Researchers earlier this year warned that at least 2.6 billion people, over a third of the global population, live in parts of Africa, Asia and the Pacific where Zika could gain a new foothold, with 1.2 billion at risk in India alone.
Brazil on Friday said it would continue to treat the outbreak as an emergency. “We will maintain the emergency [status] in Brazil until we are completely tranquil about the situation,” Health Minister Ricardo Barros said.
The WHO was careful on Friday not to dismiss the risk still posed by the virus, which has been detected in 73 countries, mainly in Latin America and the Caribbean.

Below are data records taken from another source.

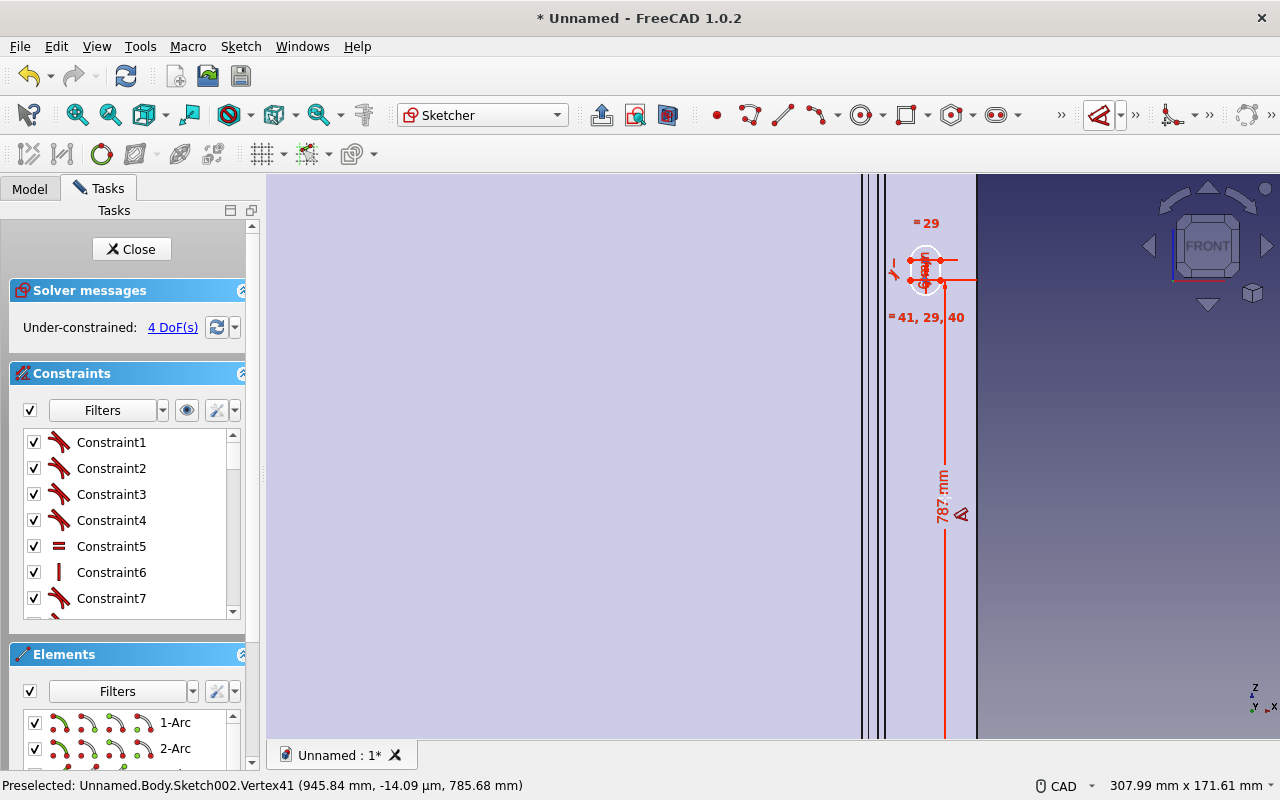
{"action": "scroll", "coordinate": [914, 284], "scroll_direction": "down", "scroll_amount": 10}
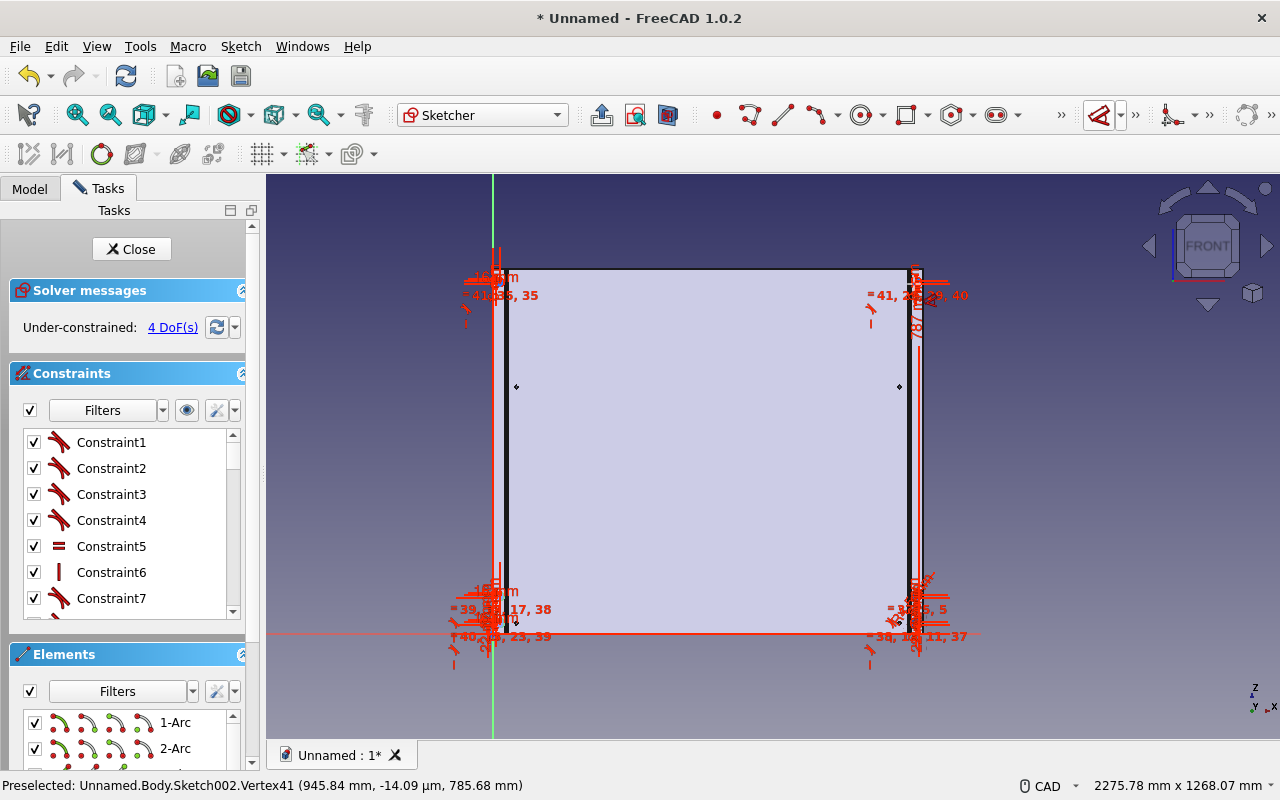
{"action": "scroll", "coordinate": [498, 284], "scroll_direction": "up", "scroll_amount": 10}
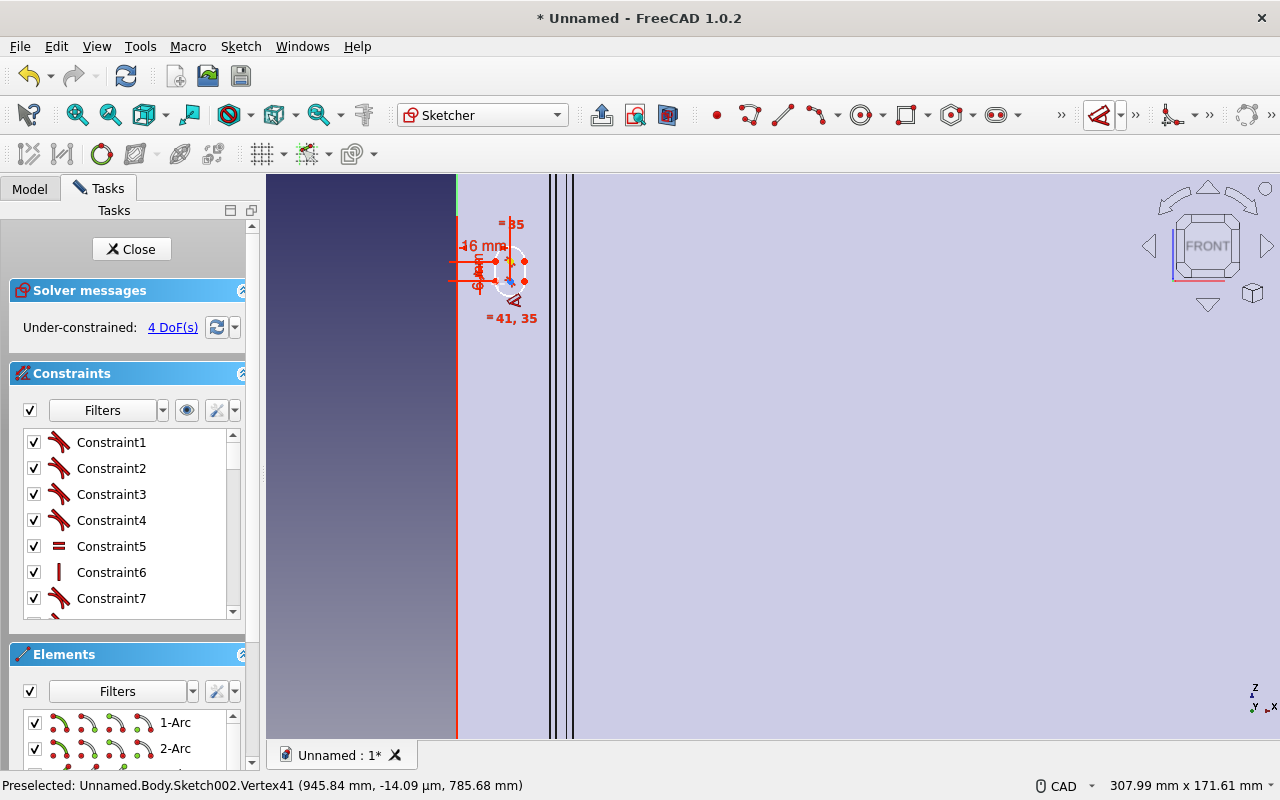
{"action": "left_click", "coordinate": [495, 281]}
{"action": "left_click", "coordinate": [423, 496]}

“We are not downgrading the importance of Zika. In fact, by placing this as a longer-term programme of work, we’re sending the message that Zika is here to stay and the WHO’s response is here to stay in a very robust manner,” said Dr Peter Salama, director of the agency’s health emergencies programme.
There are still, he added, “a lot of unknowns” in the battle against Zika.

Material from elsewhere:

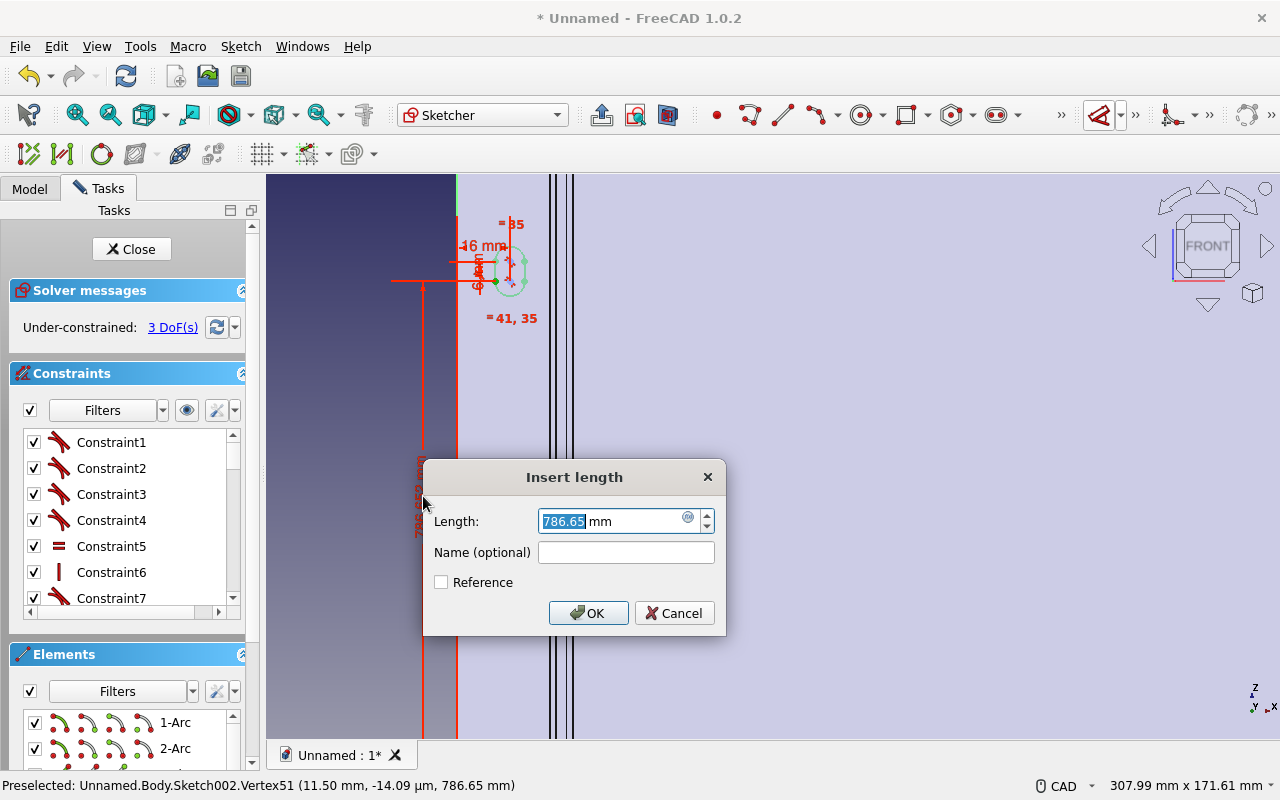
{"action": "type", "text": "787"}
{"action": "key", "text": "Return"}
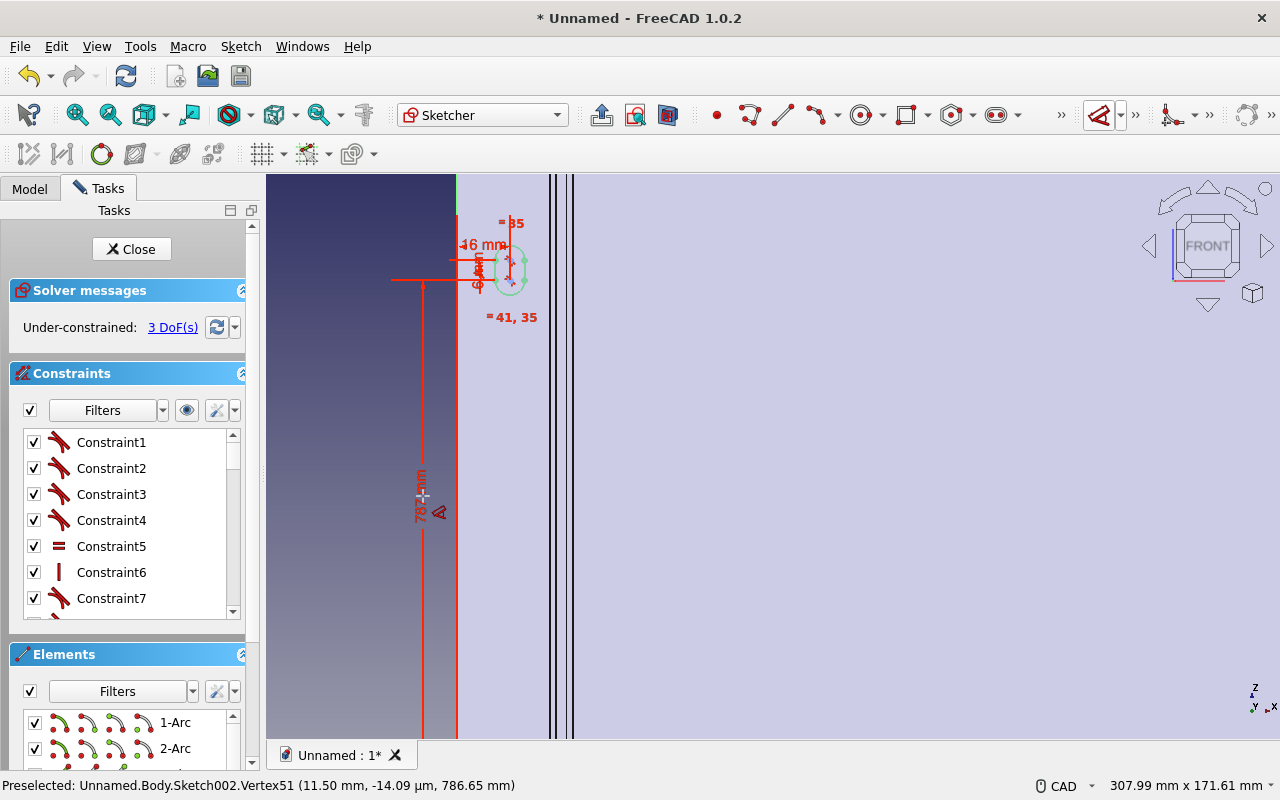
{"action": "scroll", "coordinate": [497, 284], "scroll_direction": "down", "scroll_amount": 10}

The WHO believes the “Zika virus and associated consequences remain a significant enduring public health challenge requiring intense action but no longer represent” a global health emergency, it said in a statement.

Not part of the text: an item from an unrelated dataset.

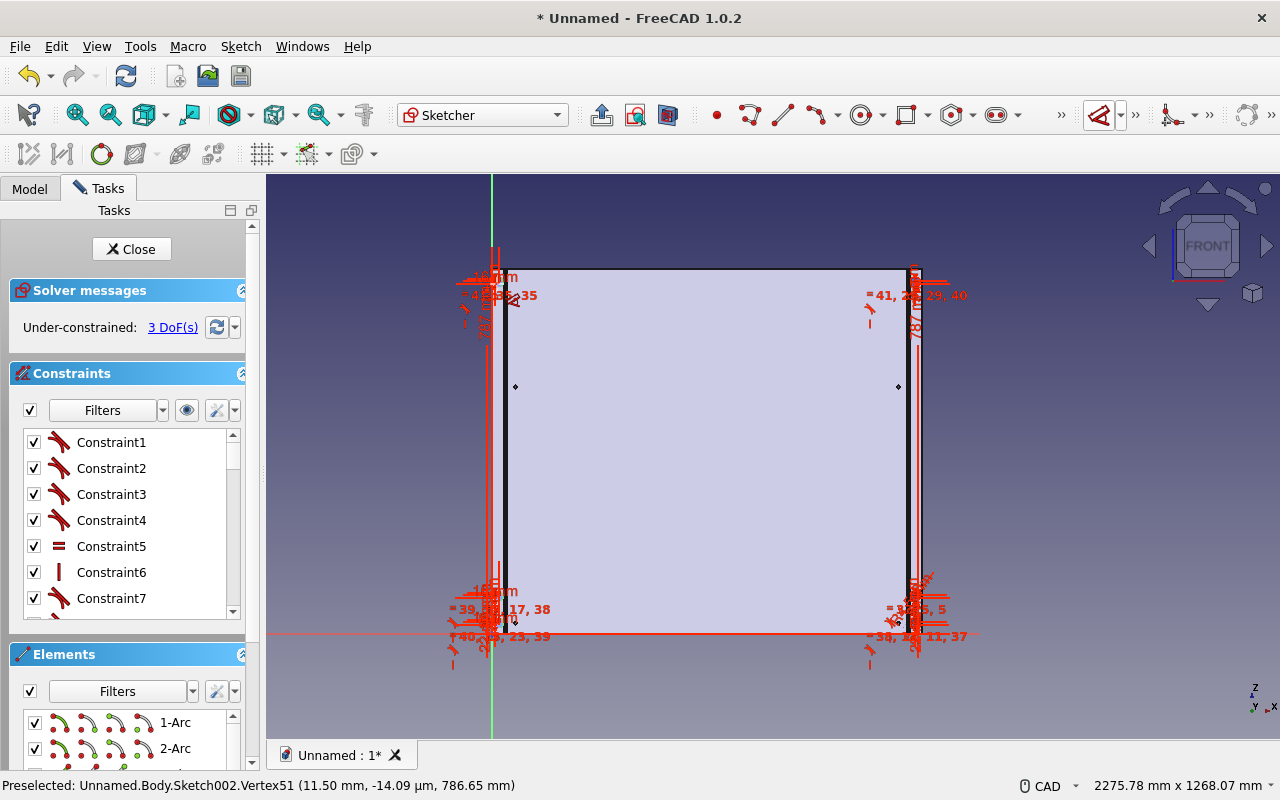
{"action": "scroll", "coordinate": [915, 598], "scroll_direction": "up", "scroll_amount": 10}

“Many aspects of this disease and associated consequences still remain to be understood, but this can best be done through sustained research,” it added. 
Emergency committee head Heymann said Brazil’s decision to continue dealing with the epidemic as an emergency was “appropriate”, even as he affirmed the virus need not be dealt with as an emergency of international concern.
Gobal health and law expert Lawrence Gostin, of Georgetown University in Washington DC, described the WHO decision as “quite worrying”, particularly since the southern hemisphere will soon enter the high-risk summer season for mosquitoes. 

Religious sites a problem
In Thailand, a recent survey by the DCD showed mosquito larvae had been found at 85.71 per cent of religious sites. 
“These larvae are mostly found in largely overlooked stuff that can contain water such as tree pots or unused tyres,” DCD director-general Dr Jedsada Chokdamrongsuk said yesterday. 
He said 63.64 per cent of schools had hosted mosquito breeding grounds. Larvae had also been found in a quarter of hotels and about 18 per cent of factories.
DCD deputy director-general Dr Panumard Yarnwaidsakul said Zika had already become an endemic disease in Thailand with new cases being reported on a daily basis. He said the department is currently monitoring one case of microcephaly.
Public Health Ministry permanent secretary Dr Sopon Mekthon said that in order to fight against such communicable diseases, it was necessary to crack down on mosquito breeding grounds. 
“If we can launch a complete crackdown, we can prevent the spread of not just Zika virus but other [mosquito-borne] diseases such as dengue fever and Chikungunya fever,” he said. 
Sopon said 33 new Zika virus patients were reported during the past week in 12 provinces. 
He said about 80 per cent of Zika-infected people do not know that they have caught the disease because in healthy adults the virus hardly causes any symptoms. 
Thailand has reported more than 680 cases of Zika since January.